> [GIVEN RECORDS]
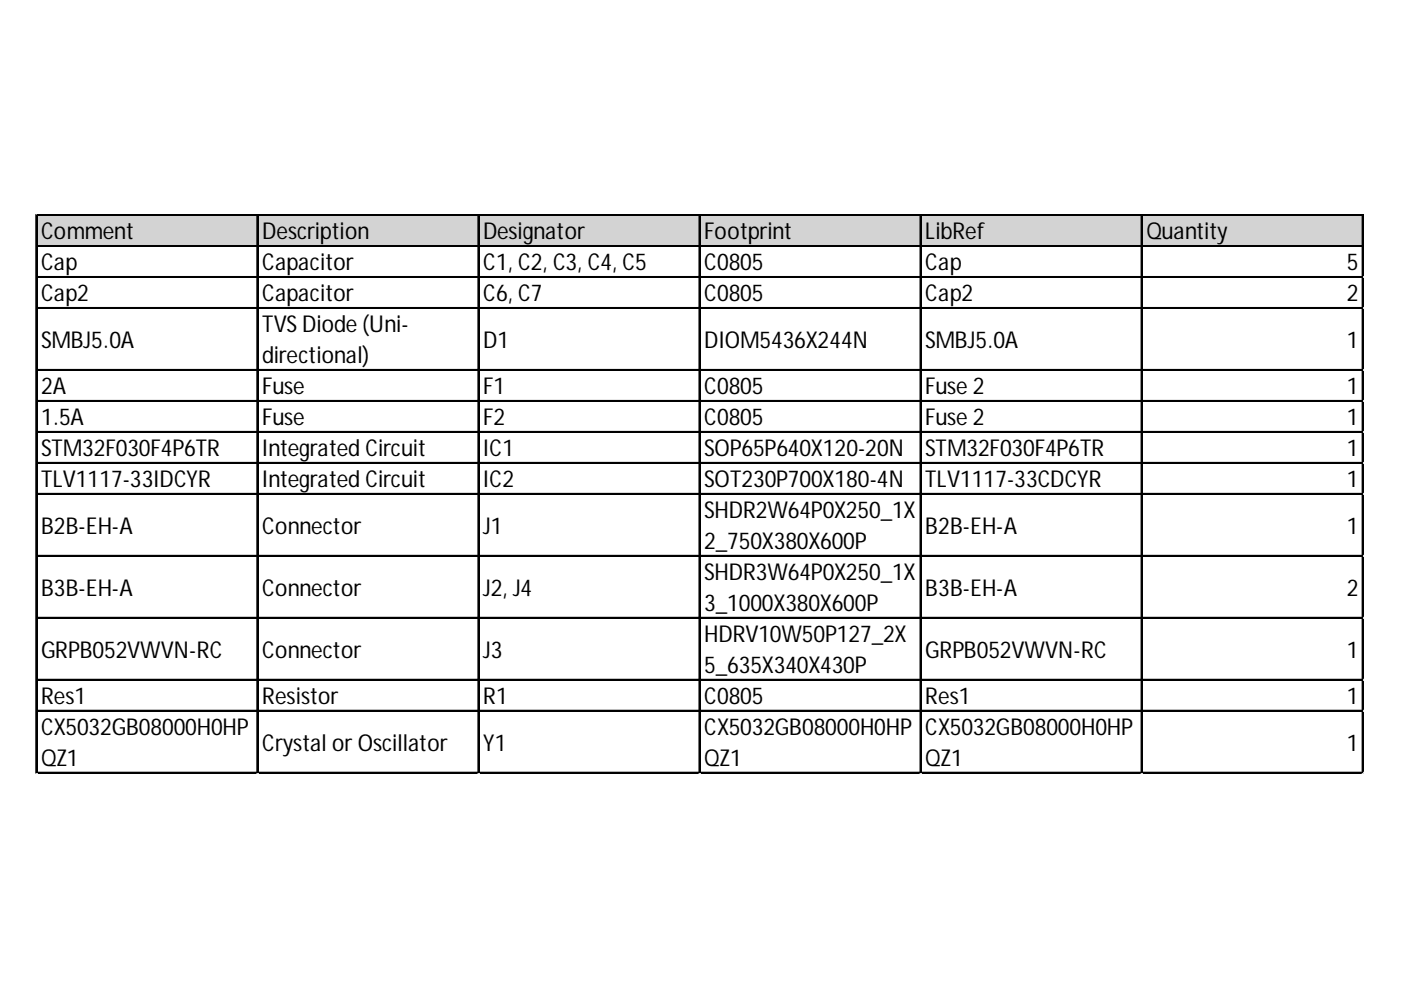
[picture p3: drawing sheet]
<svg xmlns="http://www.w3.org/2000/svg" width="297mm" height="210mm" viewBox="0 0 297 210" stroke-linecap="round" stroke-linejoin="round" font-family="sans-serif">
<defs><g id="words">
<g font-size="4.9">
<text x="8.7" y="50.8">Comment</text>
<text x="55.6" y="50.8">Description</text>
<text x="102.4" y="50.8">Designator</text>
<text x="149.3" y="50.8">Footprint</text>
<text x="196.2" y="50.8">LibRef</text>
<text x="243.1" y="50.8">Quantity</text>
<text x="8.7" y="57.3">Cap</text>
<text x="55.6" y="57.3">Capacitor</text>
<text x="102.4" y="57.3">C1, C2, C3, C4, C5</text>
<text x="149.3" y="57.3">C0805</text>
<text x="196.2" y="57.3">Cap</text>
<text x="285.5" y="57.3">5</text>
<text x="8.7" y="63.9">Cap2</text>
<text x="55.6" y="63.9">Capacitor</text>
<text x="102.4" y="63.9">C6, C7</text>
<text x="149.3" y="63.9">C0805</text>
<text x="196.2" y="63.9">Cap2</text>
<text x="285.5" y="63.9">2</text>
<text x="55.6" y="70.5">TVSDiode (Uni-</text>
<text x="8.7" y="73.7">SMBJ5.0A</text>
<text x="55.6" y="77">directional)</text>
<text x="102.4" y="73.7">D1</text>
<text x="149.3" y="73.7">DIOM5436X244N</text>
<text x="196.2" y="73.7">SMBJ5.0A</text>
<text x="285.5" y="73.7">1</text>
<text x="8.7" y="83.6">2A</text>
<text x="55.6" y="83.6">Fuse</text>
<text x="102.4" y="83.6">F1</text>
<text x="149.3" y="83.6">C0805</text>
<text x="196.2" y="83.6">Fuse 2</text>
<text x="285.5" y="83.6">1</text>
<text x="8.7" y="90.2">1.5A</text>
<text x="55.6" y="90.2">Fuse</text>
<text x="102.4" y="90.2">F2</text>
<text x="149.3" y="90.2">C0805</text>
<text x="196.2" y="90.2">Fuse 2</text>
<text x="285.5" y="90.2">1</text>
<text x="8.7" y="96.7">STM32F030F4P6TR</text>
<text x="55.6" y="96.7">Integrated Circuit</text>
<text x="102.4" y="96.7">IC1</text>
<text x="149.3" y="96.7">SOP65P640X120-20N</text>
<text x="196.2" y="96.7">STM32F030F4P6TR</text>
<text x="285.5" y="96.7">1</text>
<text x="8.7" y="103.3">TLV1117-33IDCYR</text>
<text x="55.6" y="103.3">Integrated Circuit</text>
<text x="102.4" y="103.3">IC2</text>
<text x="149.3" y="103.3">SOT230P700X180-4N</text>
<text x="196.2" y="103.3">TLV1117-33CDCYR</text>
<text x="285.5" y="103.3">1</text>
<text x="8.7" y="113.2">B2B-EH-A</text>
<text x="55.6" y="113.2">Connector</text>
<text x="102.4" y="113.2">J1</text>
<text x="149.3" y="109.9">SHDR2W64P0X250_1X</text>
<text x="196.2" y="113.2">B2B-EH-A</text>
<text x="285.5" y="113.2">1</text>
<text x="149.3" y="116.4">2_750X380X600P</text>
<text x="149.3" y="123">SHDR3W64P0X250_1X</text>
<text x="8.7" y="126.3">B3B-EH-A</text>
<text x="55.6" y="126.3">Connector</text>
<text x="102.4" y="126.3">J2, J4</text>
<text x="149.3" y="129.6">3_1000X380X600P</text>
<text x="196.2" y="126.3">B3B-EH-A</text>
<text x="285.5" y="126.3">2</text>
<text x="149.3" y="136.1">HDRV10W50P127_2X</text>
<text x="8.7" y="139.4">GRPB052VWVN-RC</text>
<text x="55.6" y="139.4">Connector</text>
<text x="102.4" y="139.4">J3</text>
<text x="149.3" y="142.7">5_635X340X430P</text>
<text x="196.2" y="139.4">GRPB052VWVN-RC</text>
<text x="285.5" y="139.4">1</text>
<text x="8.7" y="149.3">Res1</text>
<text x="55.6" y="149.3">Resistor</text>
<text x="102.4" y="149.3">R1</text>
<text x="149.3" y="149.3">C0805</text>
<text x="196.2" y="149.3">Res1</text>
<text x="285.5" y="149.3">1</text>
<text x="8.7" y="155.9">CX5032GB08000H0HP</text>
<text x="149.3" y="155.9">CX5032GB08000H0HP</text>
<text x="196.2" y="155.9">CX5032GB08000H0HP</text>
<text x="55.6" y="159.1">Crystal orOscillator</text>
<text x="102.4" y="159.1">Y1</text>
<text x="285.5" y="159.1">1</text>
<text x="8.7" y="162.4">QZ1</text>
<text x="149.3" y="162.4">QZ1</text>
<text x="196.2" y="162.4">QZ1</text>
</g>
</g></defs>
<path d="M7.8 45.7h281.4v6.7h-281.4z" fill="#d3d3d3"/>
<g fill="none" stroke="#000" stroke-width=".27">
<path d="M7.6 45.5v118.5M7.7 45.5v118.5M7.9 45.5h281.2M7.9 45.6h281.2M7.9 52.1h281.2M7.9 52.2h281.2M7.9 58.7h281.2M7.9 58.8h281.2M54.5 45.8v118.2M54.6 45.8v118.2M101.4 45.8v118.2M101.5 45.8v118.2"/>
<path d="M148.2 45.8v118.2M148.4 45.8v118.2M195.1 45.8v118.2M195.2 45.8v118.2M242 45.8v118.2M242.1 45.8v118.2M288.8 45.8v118.2M289 45.8v118.2M7.9 65.2h281.2M7.9 65.4h281.2M7.9 78.4h281.2M7.9 78.5h281.2"/>
<path d="M7.9 84.9h281.2M7.9 85.1h281.2M7.9 91.5h281.2M7.9 91.6h281.2M7.9 98.1h281.2M7.9 98.2h281.2M7.9 104.6h281.2M7.9 104.8h281.2M7.9 117.8h281.2M7.9 117.9h281.2M7.9 130.9h281.2M7.9 131h281.2"/>
<path d="M7.9 144h281.2M7.9 144.2h281.2M7.9 150.6h281.2M7.9 150.8h281.2M7.9 163.8h281.2M7.9 163.9h281.2"/>
</g>
<path d="M7.6 164v.1" fill="none" stroke="#d4d4d4" stroke-width=".27"/>
<path d="M7.6 164l.3 .1z" fill="#d4d4d4"/>
<path d="M54.5 164v.1" fill="none" stroke="#d4d4d4" stroke-width=".27"/>
<path d="M54.5 164l.3 .1z" fill="#d4d4d4"/>
<path d="M101.4 164v.1" fill="none" stroke="#d4d4d4" stroke-width=".27"/>
<path d="M101.4 164l.2 .1z" fill="#d4d4d4"/>
<path d="M148.2 164v.1" fill="none" stroke="#d4d4d4" stroke-width=".27"/>
<path d="M148.2 164l.3 .1z" fill="#d4d4d4"/>
<path d="M195.1 164v.1" fill="none" stroke="#d4d4d4" stroke-width=".27"/>
<path d="M195.1 164l.3 .1z" fill="#d4d4d4"/>
<path d="M242 164v.1" fill="none" stroke="#d4d4d4" stroke-width=".27"/>
<path d="M242 164l.2 .1z" fill="#d4d4d4"/>
<path d="M288.8 164v.1" fill="none" stroke="#d4d4d4" stroke-width=".27"/>
<path d="M288.8 164l.3 .1z" fill="#d4d4d4"/>
<path d="M289.1 58.7h.1" fill="none" stroke="#d4d4d4" stroke-width=".27"/>
<path d="M289.1 58.7l.1 .2z" fill="#d4d4d4"/>
<path d="M289.1 65.2h.1" fill="none" stroke="#d4d4d4" stroke-width=".27"/>
<path d="M289.1 65.2l.1 .3z" fill="#d4d4d4"/>
<path d="M289.1 78.4h.1" fill="none" stroke="#d4d4d4" stroke-width=".27"/>
<path d="M289.1 78.4l.1 .2z" fill="#d4d4d4"/>
<path d="M289.1 84.9h.1" fill="none" stroke="#d4d4d4" stroke-width=".27"/>
<path d="M289.1 84.9l.1 .3z" fill="#d4d4d4"/>
<path d="M289.1 91.5h.1" fill="none" stroke="#d4d4d4" stroke-width=".27"/>
<path d="M289.1 91.5l.1 .3z" fill="#d4d4d4"/>
<path d="M289.1 98.1h.1" fill="none" stroke="#d4d4d4" stroke-width=".27"/>
<path d="M289.1 98.1l.1 .2z" fill="#d4d4d4"/>
<path d="M289.1 104.6h.1" fill="none" stroke="#d4d4d4" stroke-width=".27"/>
<path d="M289.1 104.6l.1 .3z" fill="#d4d4d4"/>
<path d="M289.1 117.8h.1" fill="none" stroke="#d4d4d4" stroke-width=".27"/>
<path d="M289.1 117.8l.1 .2z" fill="#d4d4d4"/>
<path d="M289.1 130.9h.1" fill="none" stroke="#d4d4d4" stroke-width=".27"/>
<path d="M289.1 130.9l.1 .3z" fill="#d4d4d4"/>
<path d="M289.1 144h.1" fill="none" stroke="#d4d4d4" stroke-width=".27"/>
<path d="M289.1 144l.1 .3z" fill="#d4d4d4"/>
<path d="M289.1 150.6h.1" fill="none" stroke="#d4d4d4" stroke-width=".27"/>
<path d="M289.1 150.6l.1 .3z" fill="#d4d4d4"/>
<path d="M289.1 163.8h.1" fill="none" stroke="#d4d4d4" stroke-width=".27"/>
<path d="M289.1 163.8l.1 .2z" fill="#d4d4d4"/>
<use href="#words"/>
</svg>

> [WHAT YOU ARE ASKED TO DO]
All lines above in which the word "Fuse" occurs should be identified and copied.

> [ANSWER]
<text x="55.6" y="83.6">Fuse</text>
<text x="196.2" y="83.6">Fuse 2</text>
<text x="55.6" y="90.2">Fuse</text>
<text x="196.2" y="90.2">Fuse 2</text>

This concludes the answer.